Reprise des valeurs de l’agroalimentaire européen au deuxième trimestre 2018


Après un début d’année morose, les valeurs européennes de l’agroalimentaire ont repris le chemin de la hausse sur les trois derniers mois, à l’image du reste des marchés. Sur dix ans, les valeurs européennes du secteur font mieux que le reste du marché UE (+2,6 %), mais sous-performent les 54 principales valeurs américaines de l’agroalimentaire cotées aux États-Unis.


En baisse sur les trois premiers mois de l’année, les valeurs agroalimentaires européennes ont retrouvé des couleurs au deuxième trimestre. L’indice IAA 80 créé par Unigrains, regroupant les 80 valeurs cotées du secteur en Europe de l’Ouest, a ainsi gagné 3,7 % de avril à juin (-4,9 % de janvier à mars), dans un contexte de reprise générale des marchés, l’indice européen gagnant de son côté 2,1 %. Toutefois, sur un an, "le bilan de l’IAA 80 reste négatif (-2,7 %), tout comme celui du MSCI (-1,9 %)", note Unigrains. En revanche, à plus long terme, c’est-à-dire sur dix ans, la performance des valeurs de l’agroalimentaire ne se dément pas, avec un gain de 8,6 % de l’indice Unigrains, quand la progression n’est que de 2,6 % pour le marché européen.

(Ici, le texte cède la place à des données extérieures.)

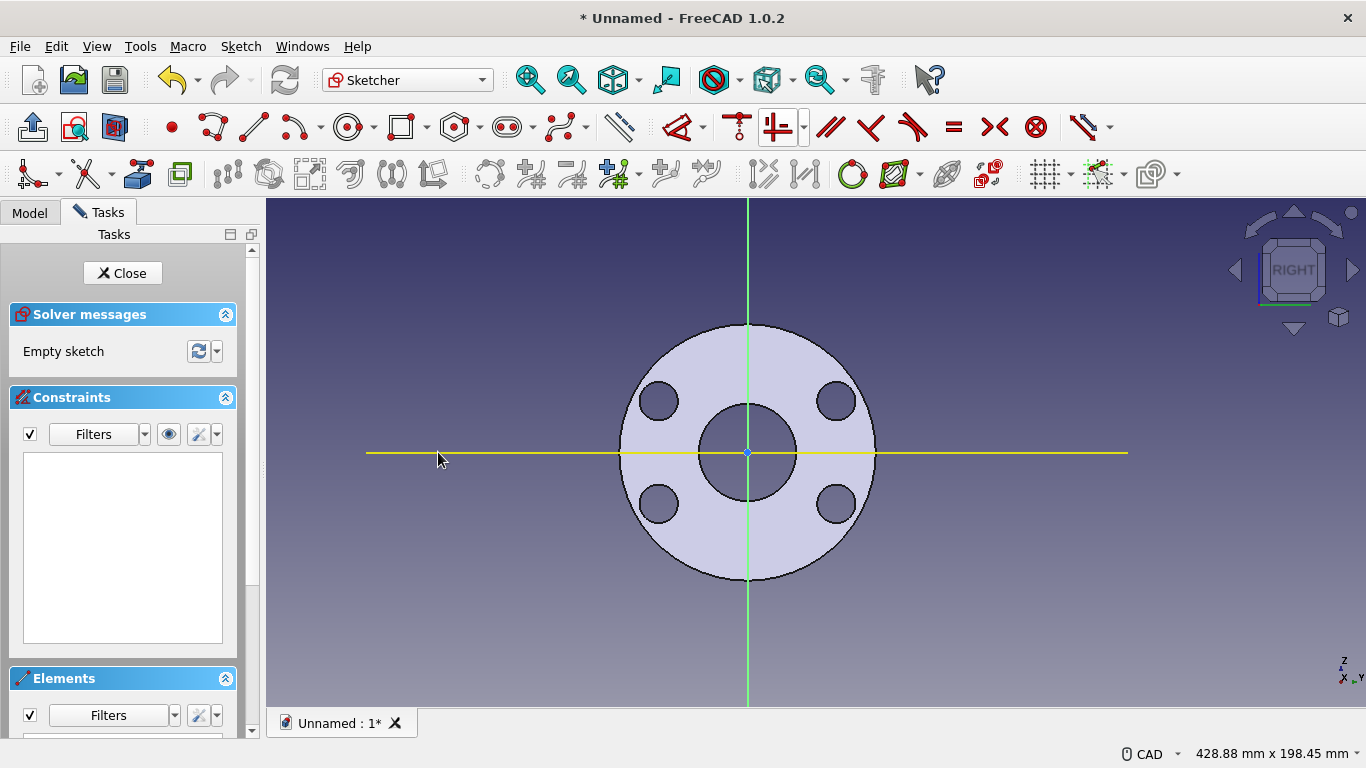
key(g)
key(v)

Sur ce deuxième trimestre, la reprise a profité à l’ensemble des valeurs quelle que soit leur taille. Le Big 29 (regroupant les 29 capitalisations comprises entre 1 et 10 Mrd€) affiche la meilleure performance avec un gain de 5,9 % "grâce à Greencore (+40,7 %), Nomad Foods (+28,9 %) et Royal Unibrew (+26 %)", soulignent les experts d’Unigrains. Le Lead 11 (les 11 capitalisations supérieures à 10 Mrd€) et le Small 12 (les 12 capitalisations inférieures à 2 M€) gagnent respectivement 3,5 % et 3,1 %, alors que le Mid 28 (les 28 capitalisations comprises entre 0,2 et 1 Mrd€) est à la traîne avec une hausse limitée à 1,3 %, affecté par la contre-performance de Greenyard Food. Le titre du groupe belge a ainsi abandonné 30,3 % sur le trimestre après les problèmes rencontrés par sa filiale hongroise, dont la production de légumes surgelés a été stoppée pour cause de contamination à la listéria. Une enquête est en cours pour déterminer si ces produits pourraient être la cause de plusieurs décès.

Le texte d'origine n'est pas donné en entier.